> [Data for this task]:
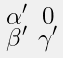Convert formula to latex. <formula><loc_0><loc_0><loc_500><loc_500>\begin{smallmatrix} \alpha ^ { \prime } & 0 \\ \beta ^ { \prime } & \gamma ^ { \prime } \end{smallmatrix}</formula> 
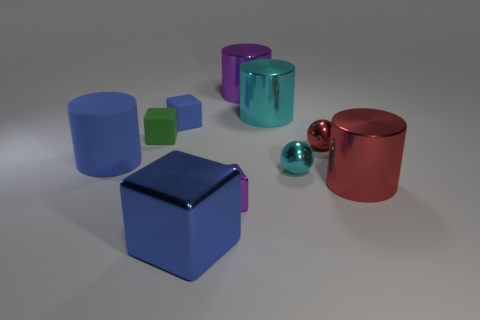Is there a gray cylinder made of the same material as the red cylinder?
Provide a succinct answer. No. What shape is the green thing?
Provide a short and direct response. Cube. What number of cylinders are there?
Give a very brief answer. 4. There is a metal object behind the large cyan metallic cylinder that is left of the cyan metal ball; what color is it?
Your answer should be compact. Purple. What color is the other rubber cube that is the same size as the green matte cube?
Keep it short and to the point. Blue. Are there any other cylinders that have the same color as the rubber cylinder?
Offer a terse response. No. Are any small red shiny spheres visible?
Provide a succinct answer. Yes. There is a purple shiny object in front of the tiny red object; what is its shape?
Offer a terse response. Cube. What number of big things are behind the cyan metal sphere and on the left side of the purple cube?
Give a very brief answer. 1. What number of other things are the same size as the cyan metallic ball?
Your response must be concise. 4. 
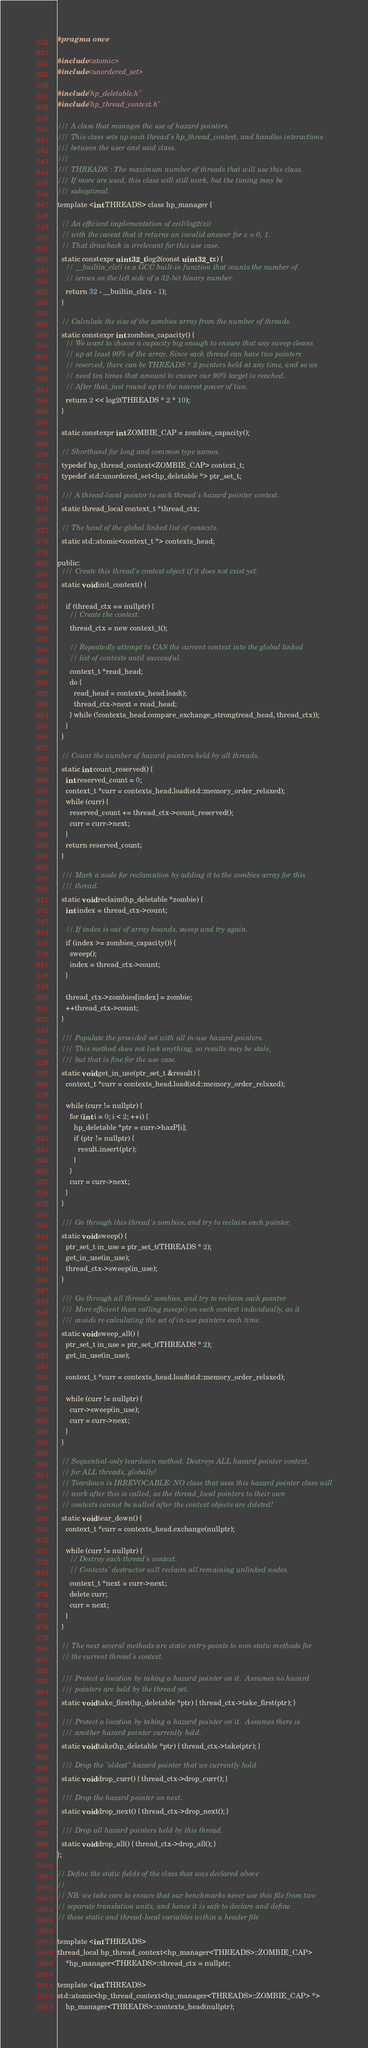<code> <loc_0><loc_0><loc_500><loc_500><_C_>#pragma once

#include <atomic>
#include <unordered_set>

#include "hp_deletable.h"
#include "hp_thread_context.h"

/// A class that manages the use of hazard pointers.
/// This class sets up each thread's hp_thread_context, and handles interactions
/// between the user and said class.
///
/// THREADS : The maximum number of threads that will use this class.
/// If more are used, this class will still work, but the tuning may be
/// suboptimal.
template <int THREADS> class hp_manager {

  // An efficient implementation of ceil(log2(x))
  // with the caveat that it returns an invalid answer for x = 0, 1.
  // That drawback is irrelevant for this use case.
  static constexpr uint32_t log2(const uint32_t x) {
    // __builtin_clz() is a GCC built-in function that counts the number of
    // zeroes on the left side of a 32-bit binary number.
    return 32 - __builtin_clz(x - 1);
  }

  // Calculate the size of the zombies array from the number of threads.
  static constexpr int zombies_capacity() {
    // We want to choose a capacity big enough to ensure that any sweep cleans
    // up at least 90% of the array. Since each thread can have two pointers
    // reserved, there can be THREADS * 2 pointers held at any time, and so we
    // need ten times that amount to ensure our 90% target is reached.
    // After that, just round up to the nearest power of two.
    return 2 << log2(THREADS * 2 * 10);
  }

  static constexpr int ZOMBIE_CAP = zombies_capacity();

  // Shorthand for long and common type names.
  typedef hp_thread_context<ZOMBIE_CAP> context_t;
  typedef std::unordered_set<hp_deletable *> ptr_set_t;

  /// A thread-local pointer to each thread's hazard pointer context.
  static thread_local context_t *thread_ctx;

  // The head of the global linked list of contexts.
  static std::atomic<context_t *> contexts_head;

public:
  /// Create this thread's context object if it does not exist yet.
  static void init_context() {

    if (thread_ctx == nullptr) {
      // Create the context.
      thread_ctx = new context_t();

      // Repeatedly attempt to CAS the current context into the global linked
      // list of contexts until successful.
      context_t *read_head;
      do {
        read_head = contexts_head.load();
        thread_ctx->next = read_head;
      } while (!contexts_head.compare_exchange_strong(read_head, thread_ctx));
    }
  }

  // Count the number of hazard pointers held by all threads.
  static int count_reserved() {
    int reserved_count = 0;
    context_t *curr = contexts_head.load(std::memory_order_relaxed);
    while (curr) {
      reserved_count += thread_ctx->count_reserved();
      curr = curr->next;
    }
    return reserved_count;
  }

  /// Mark a node for reclamation by adding it to the zombies array for this
  /// thread.
  static void reclaim(hp_deletable *zombie) {
    int index = thread_ctx->count;

    // If index is out of array bounds, sweep and try again.
    if (index >= zombies_capacity()) {
      sweep();
      index = thread_ctx->count;
    }

    thread_ctx->zombies[index] = zombie;
    ++thread_ctx->count;
  }

  /// Populate the provided set with all in-use hazard pointers.
  /// This method does not lock anything, so results may be stale,
  /// but that is fine for the use case.
  static void get_in_use(ptr_set_t &result) {
    context_t *curr = contexts_head.load(std::memory_order_relaxed);

    while (curr != nullptr) {
      for (int i = 0; i < 2; ++i) {
        hp_deletable *ptr = curr->hazP[i];
        if (ptr != nullptr) {
          result.insert(ptr);
        }
      }
      curr = curr->next;
    }
  }

  /// Go through this thread's zombies, and try to reclaim each pointer.
  static void sweep() {
    ptr_set_t in_use = ptr_set_t(THREADS * 2);
    get_in_use(in_use);
    thread_ctx->sweep(in_use);
  }

  /// Go through all threads' zombies, and try to reclaim each pointer.
  /// More efficient than calling sweep() on each context individually, as it
  /// avoids re-calculating the set of in-use pointers each time.
  static void sweep_all() {
    ptr_set_t in_use = ptr_set_t(THREADS * 2);
    get_in_use(in_use);

    context_t *curr = contexts_head.load(std::memory_order_relaxed);

    while (curr != nullptr) {
      curr->sweep(in_use);
      curr = curr->next;
    }
  }

  // Sequential-only teardown method. Destroys ALL hazard pointer context,
  // for ALL threads, globally!
  // Teardown is IRREVOCABLE: NO class that uses this hazard pointer class will
  // work after this is called, as the thread_local pointers to their own
  // contexts cannot be nulled after the context objects are deleted!
  static void tear_down() {
    context_t *curr = contexts_head.exchange(nullptr);

    while (curr != nullptr) {
      // Destroy each thread's context.
      // Contexts' destructor will reclaim all remaining unlinked nodes.
      context_t *next = curr->next;
      delete curr;
      curr = next;
    }
  }

  // The next several methods are static entry-points to non-static methods for
  // the current thread's context.

  /// Protect a location by taking a hazard pointer on it.  Assumes no hazard
  /// pointers are held by the thread yet.
  static void take_first(hp_deletable *ptr) { thread_ctx->take_first(ptr); }

  /// Protect a location by taking a hazard pointer on it.  Assumes there is
  /// another hazard pointer currently held.
  static void take(hp_deletable *ptr) { thread_ctx->take(ptr); }

  /// Drop the "oldest" hazard pointer that we currently hold
  static void drop_curr() { thread_ctx->drop_curr(); }

  /// Drop the hazard pointer on next.
  static void drop_next() { thread_ctx->drop_next(); }

  /// Drop all hazard pointers held by this thread.
  static void drop_all() { thread_ctx->drop_all(); }
};

// Define the static fields of the class that was declared above
//
// NB: we take care to ensure that our benchmarks never use this file from two
// separate translation units, and hence it is safe to declare and define
// these static and thread-local variables within a header file

template <int THREADS>
thread_local hp_thread_context<hp_manager<THREADS>::ZOMBIE_CAP>
    *hp_manager<THREADS>::thread_ctx = nullptr;

template <int THREADS>
std::atomic<hp_thread_context<hp_manager<THREADS>::ZOMBIE_CAP> *>
    hp_manager<THREADS>::contexts_head(nullptr);
</code>

> [What is required]: In the entries above, which lines hold the string "list"? Report all of them.

> [Solution to this task]:
  // The head of the global linked list of contexts.
      // list of contexts until successful.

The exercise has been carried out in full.